もちろん完成して住んでみないことには明らかな後悔や失敗ポイントは抽出できないだろう。
しかし本当の結果は、人生を終えるその直前に決まるのではないだろうか。
そもそも終の住処になるかどうかもわからないし、このあと自分の人生がどのようになるのかもわからないのだから。
いくら人生設計を十分考えてもその通りになるとは限らないから、最低限の知識を得て、購入の決心を決めたら、あとはまっすぐ進んでいくしかない。
今後の人生どうなるかわからないから賃貸でいく方が賢い、という論調が大勢を占める中、あえて逆張りしろというわけではないが、注文住宅で得られたはずの10年以上の満足感を逃し、賃料に消えていく将来のサンクコストにも目を向けたいところだ。
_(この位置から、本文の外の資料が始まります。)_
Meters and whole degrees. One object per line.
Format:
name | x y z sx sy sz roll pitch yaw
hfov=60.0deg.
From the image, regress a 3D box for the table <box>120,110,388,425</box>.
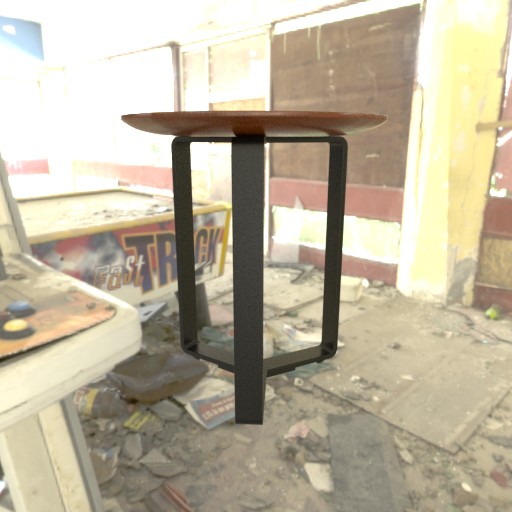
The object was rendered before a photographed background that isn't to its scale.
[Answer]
table | 0.000 0.000 0.753 0.410 0.450 0.380 -7 17 -25

経済的にもオリンピック後は土地価格が下がる、なんて論調が多数派だったが見事に外し、都心では年収2000万以上が最低必要と言われるほど地価が上がっている。
そもそも少数派意見が間違いなんてことは全くない。
つまり賃貸か持ち家か、マンションか戸建てか、人によって答えが異なり、すなわち「正解はないというのが正解」というパラドックスを常にはらんでいるわけだから迷っていても仕方がない。
自分が今どうしたいか、どうありたいのか、これを正直に形にするべきだと考える。